# Work instructions:
Each line of the data holding "pins" should be found and copied.

════════════════

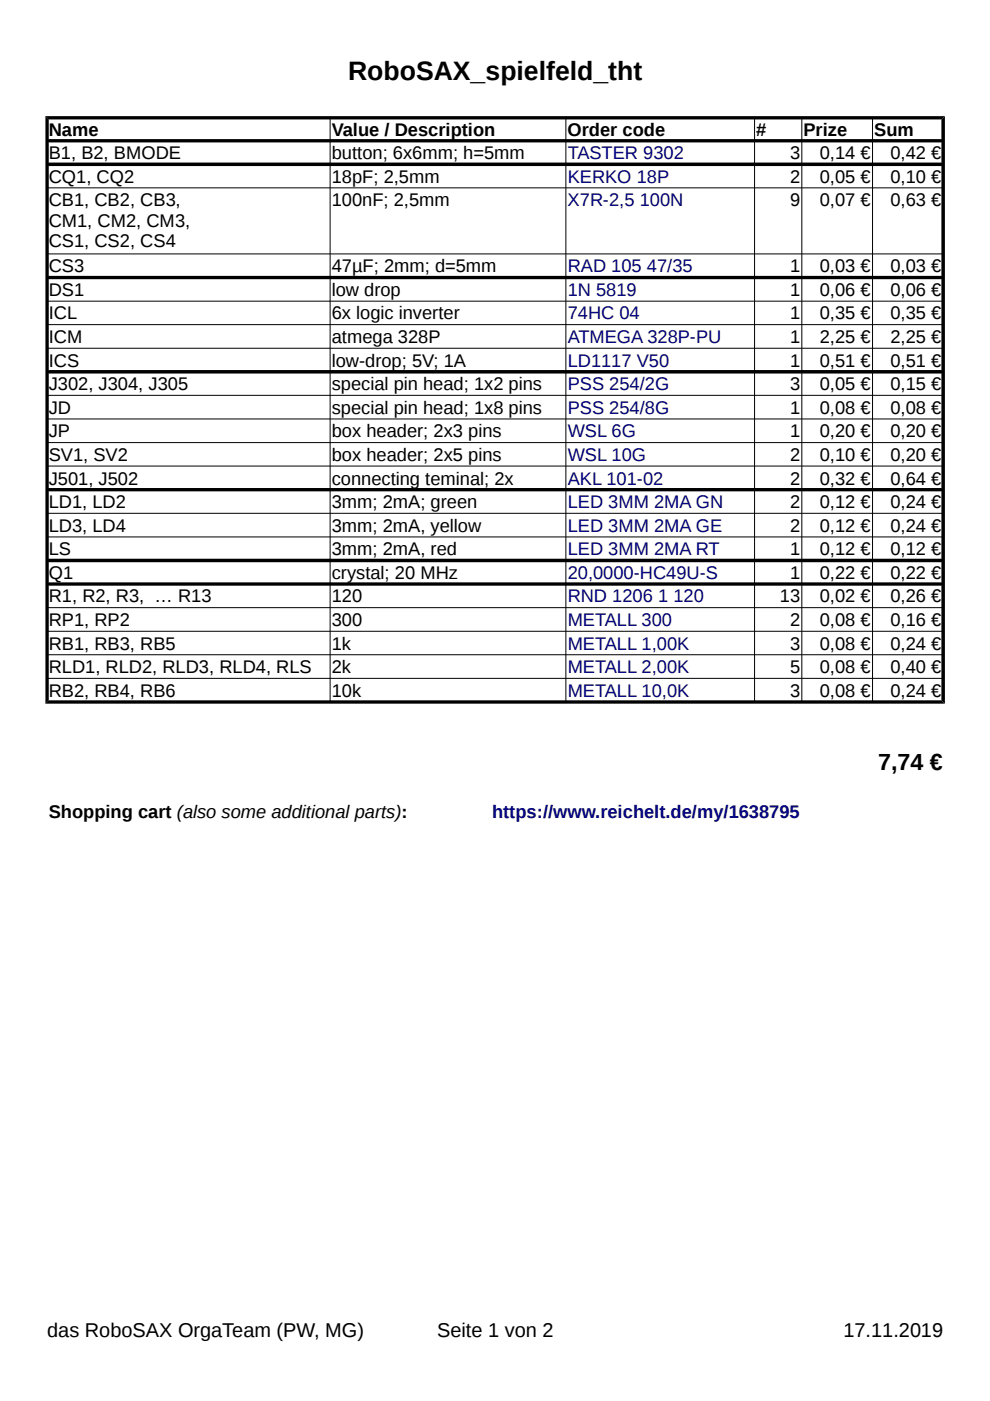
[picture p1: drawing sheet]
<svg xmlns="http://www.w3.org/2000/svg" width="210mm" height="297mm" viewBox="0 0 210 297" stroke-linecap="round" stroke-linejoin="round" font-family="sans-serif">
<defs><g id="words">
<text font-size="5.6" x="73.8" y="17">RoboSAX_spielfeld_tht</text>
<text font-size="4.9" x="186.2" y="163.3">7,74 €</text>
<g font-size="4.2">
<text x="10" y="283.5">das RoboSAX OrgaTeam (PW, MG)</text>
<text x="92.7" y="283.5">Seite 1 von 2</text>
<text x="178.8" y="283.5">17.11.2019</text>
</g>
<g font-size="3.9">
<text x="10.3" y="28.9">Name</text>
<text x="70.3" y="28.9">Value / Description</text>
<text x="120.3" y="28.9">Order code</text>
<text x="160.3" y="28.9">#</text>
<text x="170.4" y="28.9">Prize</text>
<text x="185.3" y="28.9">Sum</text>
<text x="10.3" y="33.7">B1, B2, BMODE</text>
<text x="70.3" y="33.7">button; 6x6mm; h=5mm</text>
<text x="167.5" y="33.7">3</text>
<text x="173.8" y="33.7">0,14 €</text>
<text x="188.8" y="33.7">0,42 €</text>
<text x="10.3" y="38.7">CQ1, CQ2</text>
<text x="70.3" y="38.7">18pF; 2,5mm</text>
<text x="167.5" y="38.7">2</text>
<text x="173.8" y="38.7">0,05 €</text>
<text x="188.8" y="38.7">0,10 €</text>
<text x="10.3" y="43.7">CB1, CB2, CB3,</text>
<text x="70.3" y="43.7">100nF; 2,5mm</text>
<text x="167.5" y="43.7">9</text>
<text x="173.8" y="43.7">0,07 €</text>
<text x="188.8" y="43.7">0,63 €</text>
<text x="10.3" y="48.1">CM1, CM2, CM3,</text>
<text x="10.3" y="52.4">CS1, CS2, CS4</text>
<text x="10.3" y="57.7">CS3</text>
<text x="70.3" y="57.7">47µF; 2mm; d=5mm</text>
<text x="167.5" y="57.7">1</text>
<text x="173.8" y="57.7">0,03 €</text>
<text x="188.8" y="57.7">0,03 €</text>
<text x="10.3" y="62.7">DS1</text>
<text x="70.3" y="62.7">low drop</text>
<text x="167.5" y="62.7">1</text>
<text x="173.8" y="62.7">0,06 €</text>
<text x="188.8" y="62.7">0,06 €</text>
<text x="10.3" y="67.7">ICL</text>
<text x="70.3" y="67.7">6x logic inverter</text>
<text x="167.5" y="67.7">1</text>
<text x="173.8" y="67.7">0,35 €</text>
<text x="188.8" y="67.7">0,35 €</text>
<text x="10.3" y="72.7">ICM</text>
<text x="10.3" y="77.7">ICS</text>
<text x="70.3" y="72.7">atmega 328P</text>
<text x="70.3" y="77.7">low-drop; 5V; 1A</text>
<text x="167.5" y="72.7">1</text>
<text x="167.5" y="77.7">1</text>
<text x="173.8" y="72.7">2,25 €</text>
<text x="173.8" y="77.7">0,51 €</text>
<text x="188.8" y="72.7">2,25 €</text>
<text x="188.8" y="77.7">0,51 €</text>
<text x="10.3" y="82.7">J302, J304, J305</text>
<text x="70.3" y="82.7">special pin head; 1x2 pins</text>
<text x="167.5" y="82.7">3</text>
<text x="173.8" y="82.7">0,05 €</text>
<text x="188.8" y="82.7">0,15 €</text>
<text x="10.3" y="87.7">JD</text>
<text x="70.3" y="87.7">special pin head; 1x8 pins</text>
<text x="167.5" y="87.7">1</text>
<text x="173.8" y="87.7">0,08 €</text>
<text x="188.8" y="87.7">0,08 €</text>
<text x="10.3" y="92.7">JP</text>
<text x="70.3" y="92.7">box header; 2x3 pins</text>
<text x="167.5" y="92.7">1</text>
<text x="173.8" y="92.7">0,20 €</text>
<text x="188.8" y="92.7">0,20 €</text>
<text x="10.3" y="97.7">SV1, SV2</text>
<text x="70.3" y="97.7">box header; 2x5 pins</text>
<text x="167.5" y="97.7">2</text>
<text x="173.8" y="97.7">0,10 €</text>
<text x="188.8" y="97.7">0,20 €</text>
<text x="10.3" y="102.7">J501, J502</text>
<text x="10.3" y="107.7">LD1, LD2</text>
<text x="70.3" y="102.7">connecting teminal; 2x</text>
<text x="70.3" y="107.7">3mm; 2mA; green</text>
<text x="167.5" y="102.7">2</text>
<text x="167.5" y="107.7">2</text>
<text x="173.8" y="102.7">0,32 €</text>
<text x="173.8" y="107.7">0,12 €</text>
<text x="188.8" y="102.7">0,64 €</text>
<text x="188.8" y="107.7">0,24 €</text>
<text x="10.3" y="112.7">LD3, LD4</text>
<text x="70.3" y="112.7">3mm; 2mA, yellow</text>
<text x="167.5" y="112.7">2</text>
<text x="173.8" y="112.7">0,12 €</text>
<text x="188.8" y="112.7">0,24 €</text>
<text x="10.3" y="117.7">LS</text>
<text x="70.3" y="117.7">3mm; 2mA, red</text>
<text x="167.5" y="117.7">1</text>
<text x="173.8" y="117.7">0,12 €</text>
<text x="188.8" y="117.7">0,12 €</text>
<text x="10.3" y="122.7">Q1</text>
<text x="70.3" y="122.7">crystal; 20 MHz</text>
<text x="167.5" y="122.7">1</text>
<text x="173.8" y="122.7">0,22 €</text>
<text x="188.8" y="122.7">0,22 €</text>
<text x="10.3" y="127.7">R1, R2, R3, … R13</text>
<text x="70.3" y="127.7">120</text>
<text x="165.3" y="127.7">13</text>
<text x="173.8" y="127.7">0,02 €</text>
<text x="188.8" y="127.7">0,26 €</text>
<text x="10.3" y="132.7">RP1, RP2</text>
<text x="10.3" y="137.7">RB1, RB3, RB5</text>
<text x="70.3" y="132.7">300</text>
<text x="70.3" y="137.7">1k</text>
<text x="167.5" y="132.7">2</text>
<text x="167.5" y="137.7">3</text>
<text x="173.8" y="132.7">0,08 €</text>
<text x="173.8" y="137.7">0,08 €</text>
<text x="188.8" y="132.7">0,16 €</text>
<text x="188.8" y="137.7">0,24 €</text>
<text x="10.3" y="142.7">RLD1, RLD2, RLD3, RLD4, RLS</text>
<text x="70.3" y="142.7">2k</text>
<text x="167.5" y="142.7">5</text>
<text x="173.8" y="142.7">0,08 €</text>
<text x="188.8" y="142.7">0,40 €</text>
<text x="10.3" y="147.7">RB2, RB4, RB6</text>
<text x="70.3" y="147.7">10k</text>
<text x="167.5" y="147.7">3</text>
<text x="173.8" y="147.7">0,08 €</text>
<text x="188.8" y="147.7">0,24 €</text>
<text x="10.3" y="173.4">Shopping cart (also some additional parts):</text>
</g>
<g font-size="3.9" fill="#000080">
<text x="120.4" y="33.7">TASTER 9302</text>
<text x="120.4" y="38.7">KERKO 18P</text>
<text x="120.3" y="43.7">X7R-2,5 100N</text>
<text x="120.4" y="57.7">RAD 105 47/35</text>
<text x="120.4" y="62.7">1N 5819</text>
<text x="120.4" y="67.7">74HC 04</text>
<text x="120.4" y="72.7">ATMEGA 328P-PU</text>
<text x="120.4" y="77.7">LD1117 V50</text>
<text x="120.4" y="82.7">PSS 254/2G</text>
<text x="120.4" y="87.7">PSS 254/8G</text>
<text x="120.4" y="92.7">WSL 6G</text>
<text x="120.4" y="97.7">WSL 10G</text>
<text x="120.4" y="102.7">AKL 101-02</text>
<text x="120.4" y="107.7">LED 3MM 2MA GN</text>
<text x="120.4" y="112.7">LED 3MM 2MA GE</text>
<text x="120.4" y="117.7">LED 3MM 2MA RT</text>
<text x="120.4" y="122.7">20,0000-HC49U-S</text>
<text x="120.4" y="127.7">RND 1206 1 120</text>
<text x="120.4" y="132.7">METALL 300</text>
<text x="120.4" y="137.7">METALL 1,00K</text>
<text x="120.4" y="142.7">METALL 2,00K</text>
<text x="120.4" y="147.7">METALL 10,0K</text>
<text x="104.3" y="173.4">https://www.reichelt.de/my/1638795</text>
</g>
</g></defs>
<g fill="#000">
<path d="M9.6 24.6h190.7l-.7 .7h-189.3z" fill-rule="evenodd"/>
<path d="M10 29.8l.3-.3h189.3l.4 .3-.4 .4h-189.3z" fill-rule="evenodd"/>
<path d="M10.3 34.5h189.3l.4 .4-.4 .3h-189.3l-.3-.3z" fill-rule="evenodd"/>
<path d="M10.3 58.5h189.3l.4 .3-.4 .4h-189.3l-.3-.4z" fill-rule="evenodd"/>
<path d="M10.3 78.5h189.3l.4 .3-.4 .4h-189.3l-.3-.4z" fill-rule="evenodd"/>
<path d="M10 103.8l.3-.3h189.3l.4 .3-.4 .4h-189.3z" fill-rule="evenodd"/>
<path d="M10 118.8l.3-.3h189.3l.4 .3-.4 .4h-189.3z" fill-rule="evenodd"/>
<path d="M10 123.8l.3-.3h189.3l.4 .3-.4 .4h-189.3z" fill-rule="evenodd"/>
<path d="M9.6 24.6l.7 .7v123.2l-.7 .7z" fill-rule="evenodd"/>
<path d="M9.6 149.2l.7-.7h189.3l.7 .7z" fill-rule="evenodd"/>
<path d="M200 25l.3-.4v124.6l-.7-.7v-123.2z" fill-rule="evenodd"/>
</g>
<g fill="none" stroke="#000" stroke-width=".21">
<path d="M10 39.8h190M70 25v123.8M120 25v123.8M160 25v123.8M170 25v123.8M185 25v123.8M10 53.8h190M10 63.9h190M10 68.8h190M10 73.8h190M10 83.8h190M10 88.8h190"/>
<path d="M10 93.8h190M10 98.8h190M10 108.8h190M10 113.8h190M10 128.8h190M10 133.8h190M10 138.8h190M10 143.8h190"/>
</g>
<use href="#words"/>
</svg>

════════════════

# Answer area:
<text x="70.3" y="82.7">special pin head; 1x2 pins</text>
<text x="70.3" y="87.7">special pin head; 1x8 pins</text>
<text x="70.3" y="92.7">box header; 2x3 pins</text>
<text x="70.3" y="97.7">box header; 2x5 pins</text>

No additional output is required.